According to the data collected by the Trace Gas Orbiter, the concentration of methane is very low on Mars, which indicates that there is a low possibility that there is life that existed on Mars right now. It also gives scientists important hints about the air circulation model on Mars as it analyzed the data it collected during the dust season on Mars, which suggests that during the dust storm, the water vapor in the air will suddenly increase. This illustrates the crucial influence brought by the dust storm to the Martian air circulation. We cannot draw any conclusion about the claim that there was life on Mars billions of years ago, although there are scientific papers that support this claim, since the failure of the lander, Schiaparelli, scientists of ESA cannot have soil sample from Mars to study this.

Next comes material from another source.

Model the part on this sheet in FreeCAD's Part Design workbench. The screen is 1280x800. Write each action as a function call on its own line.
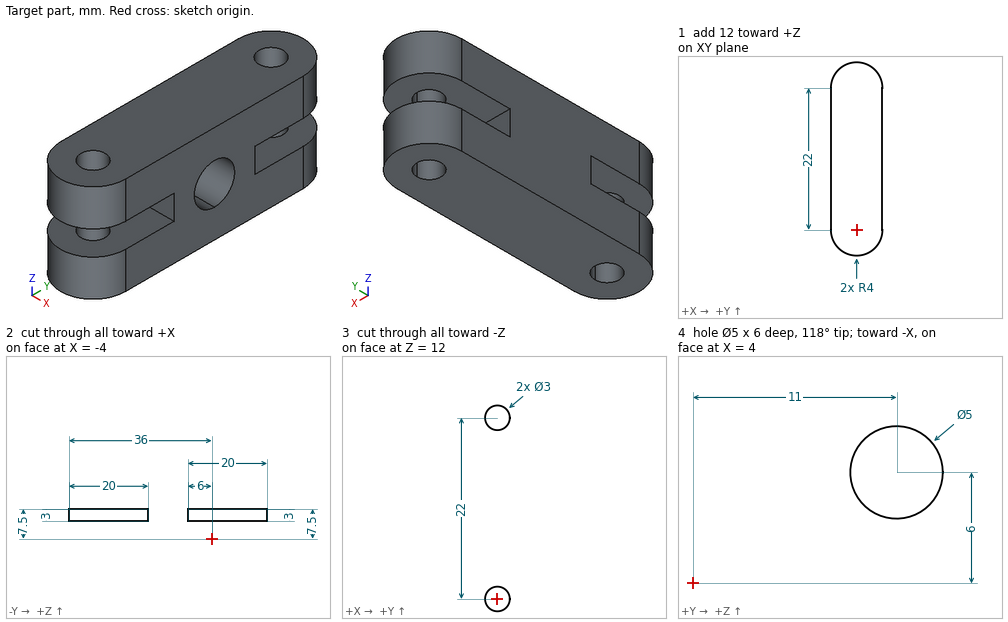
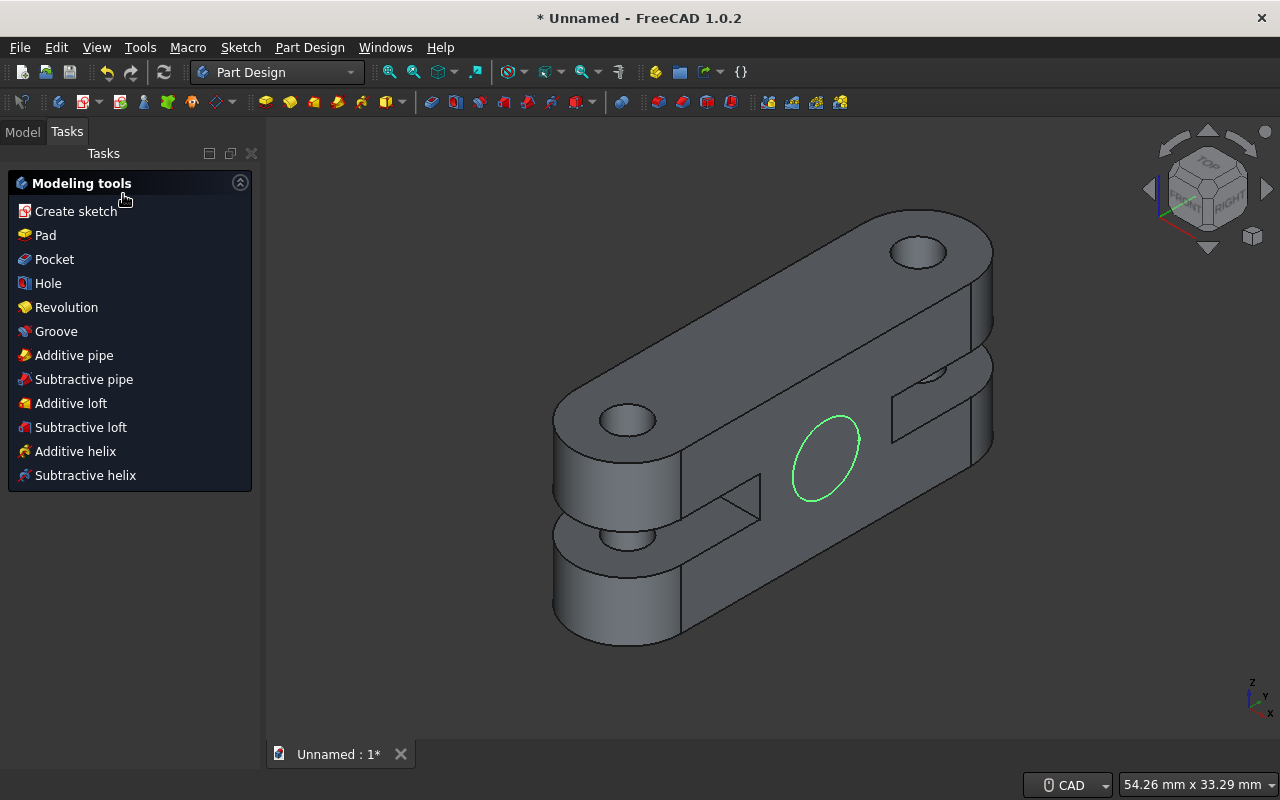
click(456, 102)

However, the test landing of Schiaparelli has provided valuable experiences for future Mars missions that will carry a robot or even astronaut. ESA has been preparing for the second part of the ExoMars program, which will send a lander to Mars in 2020. This 2016 mission has accumulated crucial experiences and act as a landing test. Scientists will make improvement on the parachute system on the rover, and according to the detailed image sent back by the TGO, they will be able to choose a more possible place that will have biosignature existed. This search of life program on Mars will significantly increase our understanding of exobiology.